What you return must match the listing below character for character, minus any pictures.

[Records supplied]

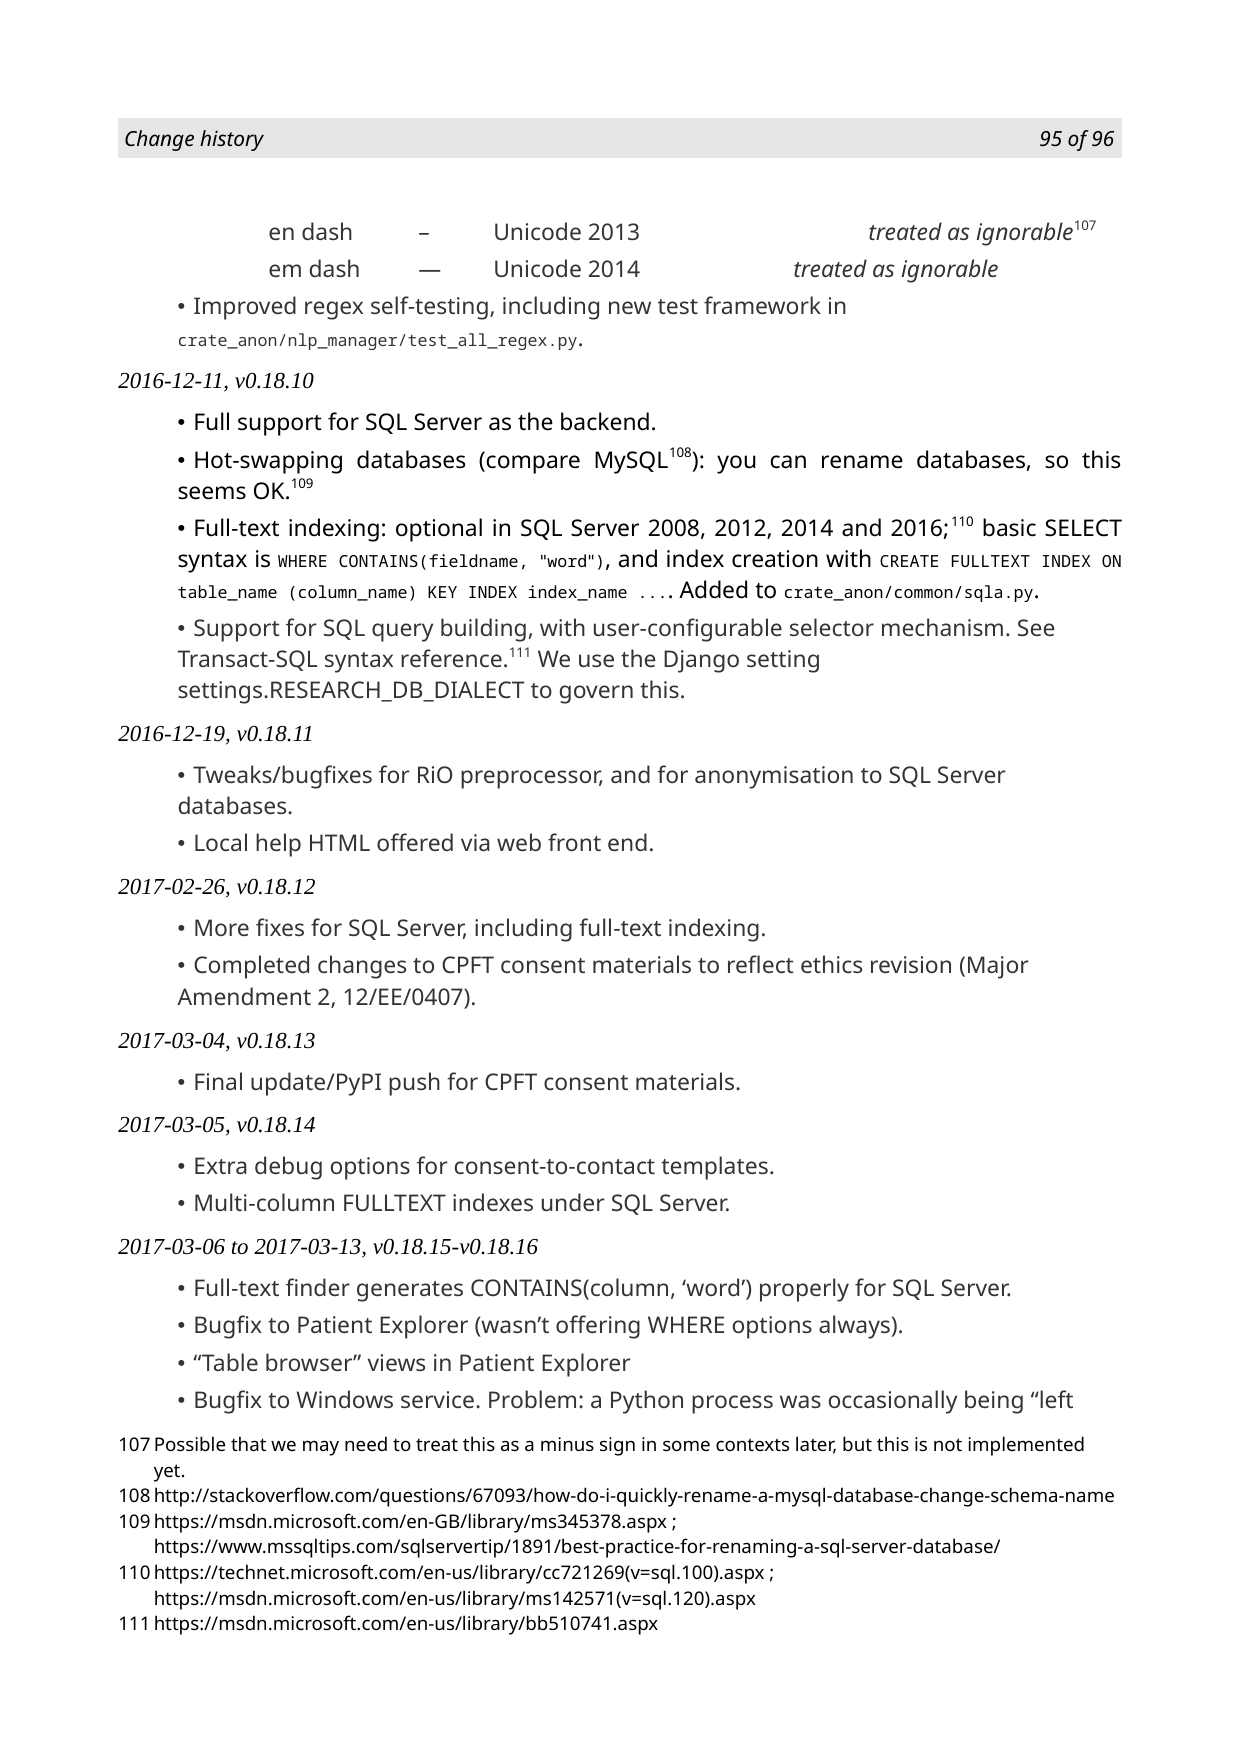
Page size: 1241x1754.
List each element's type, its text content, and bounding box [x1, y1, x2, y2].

text en dash – Unicode 2013 treated as ignorable [118, 216, 1122, 247]
subtitle 2017-03-04, v0.18.13 [118, 1027, 1122, 1053]
list Extra debug options for consent-to-contact templates. [177, 1150, 1122, 1181]
list https://msdn.microsoft.com/en-us/library/bb510741.aspx [118, 1610, 1122, 1636]
list Full support for SQL Server as the backend. [177, 406, 1122, 438]
subtitle 2017-03-06 to 2017-03-13, v0.18.15-v0.18.16 [118, 1233, 1122, 1260]
subtitle 2017-03-05, v0.18.14 [118, 1111, 1122, 1138]
list Multi-column FULLTEXT indexes under SQL Server. [177, 1187, 1122, 1219]
list More fixes for SQL Server, including full-text indexing. [177, 912, 1122, 943]
list https://technet.microsoft.com/en-us/library/cc721269(v=sql.100).aspx ; https://msdn.microsoft.com/en-us/library/ms142571(v=sql.120).aspx [118, 1559, 1122, 1610]
subtitle 2016-12-11, v0.18.10 [118, 368, 1122, 394]
text em dash — Unicode 2014 treated as ignorable [118, 253, 1122, 284]
list Bugfix to Windows service. Problem: a Python process was occasionally being “left [177, 1384, 1122, 1415]
list Hot-swapping databases (compare MySQL): you can rename databases, so this seems OK. [177, 443, 1122, 506]
list http://stackoverflow.com/questions/67093/how-do-i-quickly-rename-a-mysql-database-change-schema-name [118, 1483, 1122, 1508]
list Full-text indexing: optional in SQL Server 2008, 2012, 2014 and 2016; basic SELECT syntax is WHERE CONTAINS(fieldname, "word"), and index creation with CREATE FULLTEXT INDEX ON table_name (column_name) KEY INDEX index_name .... Added to crate_anon/common/sqla.py. [177, 512, 1122, 606]
list Local help HTML offered via web front end. [177, 827, 1122, 859]
list Final update/PyPI push for CPFT consent materials. [177, 1065, 1122, 1097]
list Tweaks/bugfixes for RiO preprocessor, and for anonymisation to SQL Server databases. [177, 759, 1122, 821]
text Possible that we may need to treat this as a minus sign in some contexts later, but this is not implemented yet. [118, 1432, 1122, 1483]
subtitle 2017-02-26, v0.18.12 [118, 873, 1122, 900]
list Improved regex self-testing, including new test framework in crate_anon/nlp_manager/test_all_regex.py. [177, 290, 1122, 353]
subtitle 2016-12-19, v0.18.11 [118, 720, 1122, 747]
list https://msdn.microsoft.com/en-GB/library/ms345378.aspx ; https://www.mssqltips.com/sqlservertip/1891/best-practice-for-renaming-a-sql-server-database/ [118, 1508, 1122, 1559]
list Full-text finder generates CONTAINS(column, ‘word’) properly for SQL Server. [177, 1272, 1122, 1303]
list Bugfix to Patient Explorer (wasn’t offering WHERE options always). [177, 1309, 1122, 1341]
list “Table browser” views in Patient Explorer [177, 1347, 1122, 1378]
list Completed changes to CPFT consent materials to reflect ethics revision (Major Amendment 2, 12/EE/0407). [177, 949, 1122, 1012]
list Support for SQL query building, with user-configurable selector mechanism. See Transact-SQL syntax reference. We use the Django setting settings.RESEARCH_DB_DIALECT to govern this. [177, 612, 1122, 705]

[/Records supplied]

▶ **Exercise solution**
Page size: 1241x1754.
List each element's type, its text content, and bounding box [x1, y1, x2, y2].

text en dash – Unicode 2013 treated as ignorable [118, 216, 1122, 247]
subtitle 2017-03-04, v0.18.13 [118, 1027, 1122, 1053]
list Extra debug options for consent-to-contact templates. [177, 1150, 1122, 1181]
list https://msdn.microsoft.com/en-us/library/bb510741.aspx [118, 1610, 1122, 1636]
list Full support for SQL Server as the backend. [177, 406, 1122, 438]
subtitle 2017-03-06 to 2017-03-13, v0.18.15-v0.18.16 [118, 1233, 1122, 1260]
subtitle 2017-03-05, v0.18.14 [118, 1111, 1122, 1138]
list Multi-column FULLTEXT indexes under SQL Server. [177, 1187, 1122, 1219]
list More fixes for SQL Server, including full-text indexing. [177, 912, 1122, 943]
list https://technet.microsoft.com/en-us/library/cc721269(v=sql.100).aspx ; https://msdn.microsoft.com/en-us/library/ms142571(v=sql.120).aspx [118, 1559, 1122, 1610]
subtitle 2016-12-11, v0.18.10 [118, 368, 1122, 394]
text em dash — Unicode 2014 treated as ignorable [118, 253, 1122, 284]
list Bugfix to Windows service. Problem: a Python process was occasionally being “left [177, 1384, 1122, 1415]
list Hot-swapping databases (compare MySQL): you can rename databases, so this seems OK. [177, 443, 1122, 506]
list http://stackoverflow.com/questions/67093/how-do-i-quickly-rename-a-mysql-database-change-schema-name [118, 1483, 1122, 1508]
list Full-text indexing: optional in SQL Server 2008, 2012, 2014 and 2016; basic SELECT syntax is WHERE CONTAINS(fieldname, "word"), and index creation with CREATE FULLTEXT INDEX ON table_name (column_name) KEY INDEX index_name .... Added to crate_anon/common/sqla.py. [177, 512, 1122, 606]
list Local help HTML offered via web front end. [177, 827, 1122, 859]
list Final update/PyPI push for CPFT consent materials. [177, 1065, 1122, 1097]
list Tweaks/bugfixes for RiO preprocessor, and for anonymisation to SQL Server databases. [177, 759, 1122, 821]
text Possible that we may need to treat this as a minus sign in some contexts later, but this is not implemented yet. [118, 1432, 1122, 1483]
subtitle 2017-02-26, v0.18.12 [118, 873, 1122, 900]
list Improved regex self-testing, including new test framework in crate_anon/nlp_manager/test_all_regex.py. [177, 290, 1122, 353]
subtitle 2016-12-19, v0.18.11 [118, 720, 1122, 747]
list https://msdn.microsoft.com/en-GB/library/ms345378.aspx ; https://www.mssqltips.com/sqlservertip/1891/best-practice-for-renaming-a-sql-server-database/ [118, 1508, 1122, 1559]
list Full-text finder generates CONTAINS(column, ‘word’) properly for SQL Server. [177, 1272, 1122, 1303]
list Bugfix to Patient Explorer (wasn’t offering WHERE options always). [177, 1309, 1122, 1341]
list “Table browser” views in Patient Explorer [177, 1347, 1122, 1378]
list Completed changes to CPFT consent materials to reflect ethics revision (Major Amendment 2, 12/EE/0407). [177, 949, 1122, 1012]
list Support for SQL query building, with user-configurable selector mechanism. See Transact-SQL syntax reference. We use the Django setting settings.RESEARCH_DB_DIALECT to govern this. [177, 612, 1122, 705]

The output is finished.